Les associés fondateurs d'une société, désireux d'intégrer un nouvel associé à leur projet de développement, ont conclu un accord-cadre avec ce dernier. Cet accord prévoyait la cession de parts sociales pour un prix symbolique, en contrepartie de l'engagement du nouvel associé à apporter son expertise en tant que directeur commercial pendant cinq ans. Après la signature des actes de cession et l'engagement du nouvel associé, les fondateurs ont assigné ce dernier en nullité des cessions pour indétermination du prix ou, subsidiairement, en résolution des cessions en raison de sa défaillance dans l'exécution de ses obligations. Le nouvel associé a soulevé la prescription de l'action en nullité et a demandé des dommages-intérêts.

2Procédure

Au niveau de la première instance, les fondateurs ont introduit une action en nullité des cessions de parts devant le tribunal compétent, arguant que le prix convenu était indéterminé ou vil. En réponse, le nouvel associé a opposé la prescription de cette action et a formulé une demande reconventionnelle de dommages-intérêts. Le tribunal a rendu une décision sur le fond du litige.

Saisissant la cour d'appel, les fondateurs ont contesté la décision rendue par le tribunal, soutenant que l'action en nullité était fondée sur l'absence d'un élément essentiel du contrat et devait donc être qualifiée de nullité absolue, soumise à une prescription trentenaire. La cour d'appel a toutefois déclaré l'action prescrite, considérant qu'il s'agissait d'une nullité relative.

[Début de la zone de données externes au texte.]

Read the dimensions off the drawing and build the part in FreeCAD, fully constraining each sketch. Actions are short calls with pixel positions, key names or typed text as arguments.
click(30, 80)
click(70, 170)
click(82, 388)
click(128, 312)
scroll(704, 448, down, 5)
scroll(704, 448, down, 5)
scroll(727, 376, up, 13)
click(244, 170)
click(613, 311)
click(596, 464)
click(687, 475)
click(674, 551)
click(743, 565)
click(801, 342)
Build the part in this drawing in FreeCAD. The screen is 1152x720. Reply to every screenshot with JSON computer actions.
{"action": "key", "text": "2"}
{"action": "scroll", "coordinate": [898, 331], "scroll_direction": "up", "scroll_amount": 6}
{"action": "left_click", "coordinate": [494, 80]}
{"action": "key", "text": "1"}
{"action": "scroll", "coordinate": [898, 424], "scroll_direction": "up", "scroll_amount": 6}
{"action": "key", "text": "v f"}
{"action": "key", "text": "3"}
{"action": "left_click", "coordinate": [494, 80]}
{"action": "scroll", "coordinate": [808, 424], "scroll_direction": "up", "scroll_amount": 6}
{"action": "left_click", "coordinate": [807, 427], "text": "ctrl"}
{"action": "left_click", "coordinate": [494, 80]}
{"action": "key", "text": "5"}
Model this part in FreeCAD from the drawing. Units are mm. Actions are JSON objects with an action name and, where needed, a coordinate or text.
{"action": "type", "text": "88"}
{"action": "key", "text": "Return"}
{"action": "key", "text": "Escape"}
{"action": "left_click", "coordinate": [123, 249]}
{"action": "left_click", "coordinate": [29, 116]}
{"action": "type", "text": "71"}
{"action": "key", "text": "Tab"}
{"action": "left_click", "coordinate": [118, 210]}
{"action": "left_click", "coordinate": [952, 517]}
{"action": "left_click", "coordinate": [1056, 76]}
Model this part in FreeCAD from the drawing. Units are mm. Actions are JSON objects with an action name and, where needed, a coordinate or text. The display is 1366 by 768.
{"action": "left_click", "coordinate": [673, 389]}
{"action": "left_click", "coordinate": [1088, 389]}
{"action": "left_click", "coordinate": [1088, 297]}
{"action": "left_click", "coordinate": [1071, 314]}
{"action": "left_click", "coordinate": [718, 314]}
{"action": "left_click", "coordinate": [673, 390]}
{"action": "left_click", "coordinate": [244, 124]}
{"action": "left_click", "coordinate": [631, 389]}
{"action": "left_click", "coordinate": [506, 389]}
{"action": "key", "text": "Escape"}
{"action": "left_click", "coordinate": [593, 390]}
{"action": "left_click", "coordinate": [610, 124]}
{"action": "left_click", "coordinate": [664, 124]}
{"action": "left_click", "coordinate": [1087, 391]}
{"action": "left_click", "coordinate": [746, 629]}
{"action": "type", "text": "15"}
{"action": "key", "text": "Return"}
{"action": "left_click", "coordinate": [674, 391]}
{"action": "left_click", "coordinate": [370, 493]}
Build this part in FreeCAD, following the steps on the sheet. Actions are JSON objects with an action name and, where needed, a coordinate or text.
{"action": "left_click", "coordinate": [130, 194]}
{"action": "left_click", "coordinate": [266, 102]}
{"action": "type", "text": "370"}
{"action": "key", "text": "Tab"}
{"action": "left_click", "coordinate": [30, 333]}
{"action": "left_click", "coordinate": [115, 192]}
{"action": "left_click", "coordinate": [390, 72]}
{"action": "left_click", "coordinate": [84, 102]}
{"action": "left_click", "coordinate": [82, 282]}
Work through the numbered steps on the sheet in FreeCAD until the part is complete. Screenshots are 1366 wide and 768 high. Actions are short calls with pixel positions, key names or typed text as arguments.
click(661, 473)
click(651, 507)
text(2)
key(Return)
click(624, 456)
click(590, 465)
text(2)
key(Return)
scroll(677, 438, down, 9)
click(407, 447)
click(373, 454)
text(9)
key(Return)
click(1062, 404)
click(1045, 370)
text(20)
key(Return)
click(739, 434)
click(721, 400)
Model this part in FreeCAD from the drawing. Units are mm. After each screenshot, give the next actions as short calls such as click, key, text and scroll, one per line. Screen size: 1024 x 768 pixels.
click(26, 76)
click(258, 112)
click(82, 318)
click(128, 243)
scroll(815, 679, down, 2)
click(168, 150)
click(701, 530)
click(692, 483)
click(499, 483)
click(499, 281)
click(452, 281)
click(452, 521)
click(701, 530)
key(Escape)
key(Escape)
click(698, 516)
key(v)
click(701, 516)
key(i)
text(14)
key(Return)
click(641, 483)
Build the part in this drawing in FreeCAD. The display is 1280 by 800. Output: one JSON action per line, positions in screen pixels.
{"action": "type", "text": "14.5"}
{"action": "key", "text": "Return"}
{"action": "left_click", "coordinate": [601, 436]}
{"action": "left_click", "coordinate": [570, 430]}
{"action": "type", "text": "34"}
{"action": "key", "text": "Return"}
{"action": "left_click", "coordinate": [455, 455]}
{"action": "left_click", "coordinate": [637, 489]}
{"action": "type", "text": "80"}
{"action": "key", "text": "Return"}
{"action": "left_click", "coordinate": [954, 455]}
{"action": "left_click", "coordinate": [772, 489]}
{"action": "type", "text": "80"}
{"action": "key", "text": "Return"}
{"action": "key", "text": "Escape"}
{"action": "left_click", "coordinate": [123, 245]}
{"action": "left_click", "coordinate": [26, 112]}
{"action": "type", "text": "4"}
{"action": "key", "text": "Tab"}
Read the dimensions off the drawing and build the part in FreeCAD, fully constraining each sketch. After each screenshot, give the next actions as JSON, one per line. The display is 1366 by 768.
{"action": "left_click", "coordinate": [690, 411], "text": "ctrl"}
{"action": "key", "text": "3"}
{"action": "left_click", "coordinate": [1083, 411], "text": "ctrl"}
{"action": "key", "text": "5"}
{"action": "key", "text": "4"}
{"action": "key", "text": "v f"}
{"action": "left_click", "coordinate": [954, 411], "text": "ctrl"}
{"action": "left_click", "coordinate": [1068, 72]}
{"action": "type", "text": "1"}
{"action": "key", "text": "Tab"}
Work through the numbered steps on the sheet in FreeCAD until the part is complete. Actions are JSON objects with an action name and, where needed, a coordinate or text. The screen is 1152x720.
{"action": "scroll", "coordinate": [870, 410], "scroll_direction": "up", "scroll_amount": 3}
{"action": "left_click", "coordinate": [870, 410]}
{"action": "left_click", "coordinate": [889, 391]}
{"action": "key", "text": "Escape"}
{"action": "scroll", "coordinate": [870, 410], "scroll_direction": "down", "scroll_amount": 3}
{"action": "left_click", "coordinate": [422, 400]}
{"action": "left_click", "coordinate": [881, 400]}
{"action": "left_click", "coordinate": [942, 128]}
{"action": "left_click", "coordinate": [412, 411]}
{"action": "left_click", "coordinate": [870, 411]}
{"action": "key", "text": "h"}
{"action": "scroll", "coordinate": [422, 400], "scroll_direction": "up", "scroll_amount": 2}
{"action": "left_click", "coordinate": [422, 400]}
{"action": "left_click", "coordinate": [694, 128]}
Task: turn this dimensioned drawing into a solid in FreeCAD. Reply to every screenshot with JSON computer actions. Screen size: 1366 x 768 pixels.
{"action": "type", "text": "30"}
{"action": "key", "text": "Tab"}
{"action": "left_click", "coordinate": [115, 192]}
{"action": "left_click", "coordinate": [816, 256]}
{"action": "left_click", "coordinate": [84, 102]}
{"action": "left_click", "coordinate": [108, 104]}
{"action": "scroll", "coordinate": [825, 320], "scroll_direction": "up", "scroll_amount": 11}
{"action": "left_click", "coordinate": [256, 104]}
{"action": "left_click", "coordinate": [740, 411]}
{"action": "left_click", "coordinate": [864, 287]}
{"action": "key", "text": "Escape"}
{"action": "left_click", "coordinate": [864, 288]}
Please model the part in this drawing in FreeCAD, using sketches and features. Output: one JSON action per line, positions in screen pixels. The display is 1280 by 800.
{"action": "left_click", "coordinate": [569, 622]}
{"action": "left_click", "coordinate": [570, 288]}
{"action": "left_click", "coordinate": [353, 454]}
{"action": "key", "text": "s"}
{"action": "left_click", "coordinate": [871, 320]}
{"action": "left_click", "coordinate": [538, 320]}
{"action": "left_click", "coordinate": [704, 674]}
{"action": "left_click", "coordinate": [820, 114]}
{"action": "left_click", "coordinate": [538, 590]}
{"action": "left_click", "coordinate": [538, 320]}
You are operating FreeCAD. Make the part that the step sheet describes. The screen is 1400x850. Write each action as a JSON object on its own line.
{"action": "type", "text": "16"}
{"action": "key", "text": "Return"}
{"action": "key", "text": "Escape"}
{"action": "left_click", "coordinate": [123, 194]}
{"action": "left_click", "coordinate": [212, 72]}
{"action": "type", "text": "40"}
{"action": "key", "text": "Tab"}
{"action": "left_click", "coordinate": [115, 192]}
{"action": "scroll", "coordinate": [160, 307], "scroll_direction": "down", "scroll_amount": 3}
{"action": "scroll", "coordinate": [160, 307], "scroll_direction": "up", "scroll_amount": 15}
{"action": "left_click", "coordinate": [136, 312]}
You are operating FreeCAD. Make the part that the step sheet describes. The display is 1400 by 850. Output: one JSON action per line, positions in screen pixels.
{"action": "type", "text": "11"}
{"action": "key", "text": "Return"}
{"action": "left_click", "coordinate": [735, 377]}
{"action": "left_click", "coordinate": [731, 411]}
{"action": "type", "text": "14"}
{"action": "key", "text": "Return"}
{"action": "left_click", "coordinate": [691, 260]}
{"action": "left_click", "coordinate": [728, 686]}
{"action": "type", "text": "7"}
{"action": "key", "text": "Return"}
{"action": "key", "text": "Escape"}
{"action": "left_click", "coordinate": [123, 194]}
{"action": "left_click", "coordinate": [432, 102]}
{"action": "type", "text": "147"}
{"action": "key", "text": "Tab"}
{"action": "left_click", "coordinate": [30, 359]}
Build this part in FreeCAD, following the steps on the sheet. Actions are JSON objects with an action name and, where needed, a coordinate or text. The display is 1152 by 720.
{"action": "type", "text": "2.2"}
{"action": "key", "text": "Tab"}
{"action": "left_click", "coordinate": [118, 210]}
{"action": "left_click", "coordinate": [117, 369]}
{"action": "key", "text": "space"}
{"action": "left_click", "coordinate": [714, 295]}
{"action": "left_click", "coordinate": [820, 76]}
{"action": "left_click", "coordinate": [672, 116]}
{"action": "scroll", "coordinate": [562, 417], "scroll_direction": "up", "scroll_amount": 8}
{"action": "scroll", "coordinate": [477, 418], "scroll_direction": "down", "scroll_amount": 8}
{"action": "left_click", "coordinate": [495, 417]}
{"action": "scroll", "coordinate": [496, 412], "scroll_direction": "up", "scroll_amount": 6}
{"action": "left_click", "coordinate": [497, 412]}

Les fondateurs ont alors formé un pourvoi en cassation contre l'arrêt rendu par la cour d'appel.

3Problème de droit

L'action en nullité des cessions de parts pour indétermination du prix est-elle soumise à la prescription trentenaire ou à la prescription quinquennale ?

4Solution

La Cour rejette le pourvoi des fondateurs en confirmant que l'action en nullité des cessions de parts conclues pour un prix indéterminé ou vil relève du régime des actions en nullité relative. La Cour énonce que cette action vise uniquement à protéger les intérêts privés des cédants et se prescrit par cinq ans conformément à l'article 1304 du Code civil. Elle rappelle que la qualification de la nullité dépend non pas de l'existence d'un élément essentiel au moment de la formation du contrat, mais plutôt de la nature de l'intérêt protégé par la règle transgressée. En conséquence, elle valide l'analyse effectuée par la cour d'appel selon laquelle l'action en nullité était prescrite.